- Opening Delimiter -

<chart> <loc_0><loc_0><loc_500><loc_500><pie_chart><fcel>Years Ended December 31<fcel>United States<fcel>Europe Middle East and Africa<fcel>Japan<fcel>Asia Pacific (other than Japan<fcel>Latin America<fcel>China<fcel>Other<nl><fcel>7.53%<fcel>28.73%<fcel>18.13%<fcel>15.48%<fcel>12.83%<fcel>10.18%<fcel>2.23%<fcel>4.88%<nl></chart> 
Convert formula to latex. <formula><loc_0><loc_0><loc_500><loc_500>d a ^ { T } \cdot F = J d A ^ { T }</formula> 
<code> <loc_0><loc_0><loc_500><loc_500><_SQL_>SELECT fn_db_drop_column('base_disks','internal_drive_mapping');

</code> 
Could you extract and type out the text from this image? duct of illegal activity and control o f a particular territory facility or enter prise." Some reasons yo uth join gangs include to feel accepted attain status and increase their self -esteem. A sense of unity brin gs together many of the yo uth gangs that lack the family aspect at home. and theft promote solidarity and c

- Closing Delimiter -
- Opening Delimiter -

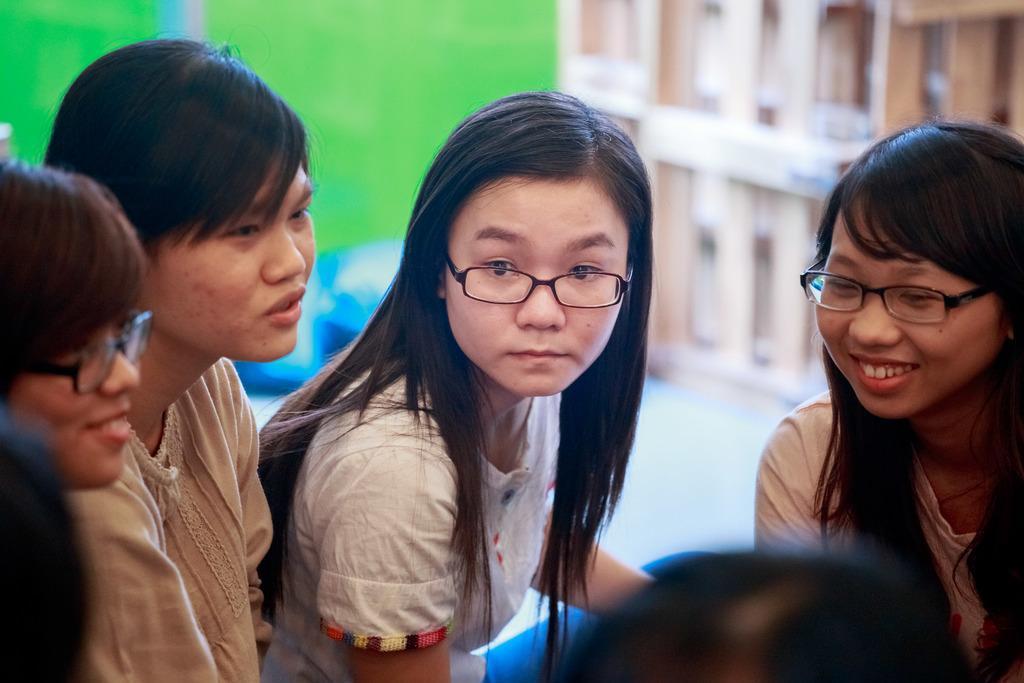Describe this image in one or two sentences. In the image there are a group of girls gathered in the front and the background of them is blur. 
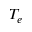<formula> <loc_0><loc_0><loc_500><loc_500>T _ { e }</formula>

- Closing Delimiter -

#### Required work
The string "code" marks the lines to return from the material. Copy each one.

#### Task response
<code> <loc_0><loc_0><loc_500><loc_500><_SQL_>SELECT fn_db_drop_column('base_disks','internal_drive_mapping');
</code> 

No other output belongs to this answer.